Grantee Partner Spotlight: Upwardly Global
The WES Mariam Assefa Fund sees the COVID-19 crisis as a time to ensure our grantee partners flexibility so they can continue their work of building an inclusive, resilient economy for immigrants and refugees. The United States would not be able to respond to the pandemic without the skills and talent of the immigrant workforce. Our partners are doing valuable work across the country to support these workers, and we are proud to share our grantees’ contributions with the broader field. Over the next month, we’ll be profiling the Fund’s grantee partners, highlighting the vital work each organization is undertaking to support immigrant communities through the immediate crisis and build more equitable workforce, educational, and financial systems in the long-term.
Upwardly Global (UpGlo), a grantee partner of the WES Mariam Assefa Fund, seeks to eliminate employment barriers that immigrants and refugees face. As COVID-19 began to disrupt the economy, UpGlo sought to gain real-time insight into the experiences of its clients in order to inform its response. A needs assessment survey of nearly 80 of the organization’s job seeker clients revealed that 50 percent had lost their job or experienced a cut in work hours. Without a primary source of income, these survey respondents are struggling to afford basic necessities like food or medicine, and many have little or no savings.
The U.S. economy is in a state of unprecedented decline, and job seekers will continue to feel the impacts for the foreseeable future. UpGlo’s survey also showed that 40 percent of respondents have encountered a weak job market, hiring freezes, and credential and training programs that are now suspended. Facing this uncertainty, one in three respondents shared that they are navigating the emotional effects of the pandemic’s unknown implications.
Despite the bleak economic outlook, the majority of job seekers want to be prepared when the economy reopens. They want to continue investing in themselves by developing new skills through online training or virtual coaching. UpGlo had started providing virtual programming even before the pandemic, to ensure client accessibility. Using rapid response funding from the WES Mariam Assefa Fund, along with other funding, UpGlo is expanding its virtual programming to adapt to its clients’ changing needs. Staff have transitioned to providing remote soft skills coaching to individual job seekers. UpGlo offers a robust suite of online job search and skill-building tools to all program participants—and has recently begun to offer access to a wider network of U.S. job seekers and workforce development organizations. The organization is also planning virtual community-building sessions between employers and those seeking work.
With many health care professionals in its client base, UpGlo is applying an industry-specific focus to its work, in response to the shortage of health care workers. The organization is working in partnership with WES, via the IMPRINT Coalition, to build pathways for internationally trained health care professionals to put their life-saving skills and experience to use during the COVID-19 crisis. UpGlo job seekers have valid degrees in health care and medicine from their home countries, U.S. work authorization, important linguistic and cross-cultural skills, and a willingness to serve during this time. Yet they’ve hit barriers in re-licensing in the United States – a long, complicated, and time-consuming process that keeps an estimated 165,000 healthcare professionals from working in the field, according to the Migration Policy Institute. IMPRINT and Upwardly Global are working with government agencies in various states to bolster the pipeline of healthcare workers available to respond to the crisis.

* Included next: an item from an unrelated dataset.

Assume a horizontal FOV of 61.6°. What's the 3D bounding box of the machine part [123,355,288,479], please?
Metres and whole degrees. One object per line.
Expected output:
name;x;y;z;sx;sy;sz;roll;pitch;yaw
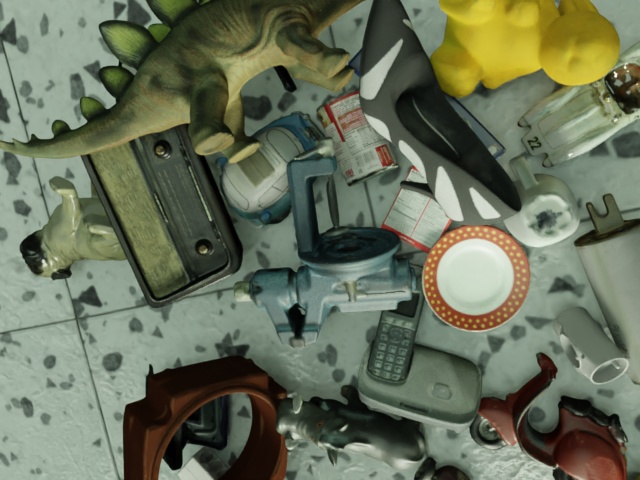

UpGlo is also thinking long term. Beyond this crisis, the U.S. economy will need the contributions of all workers—including immigrants—as drivers of a resilient and adaptable workforce that can weather future disruptions. Prior to COVID-19, UpGlo had planned to hold working sessions around the country to build promising practices for U.S. employers to advance the principles of diversity, equity, and inclusion. These sessions are now being held virtually, with a special focus on championing the skills of all workers to build an inclusive economic recovery post-COVID.
COVID-19 has exposed many of the challenges that immigrants and refugees face in the U.S. UpGlo is working to mitigate the pandemic’s immediate impacts, and to build a stronger, more inclusive workforce for the future. We look forward to sharing more about what UpGlo learns and achieves as they navigate supporting immigrant job seekers and workers in this new environment and economy.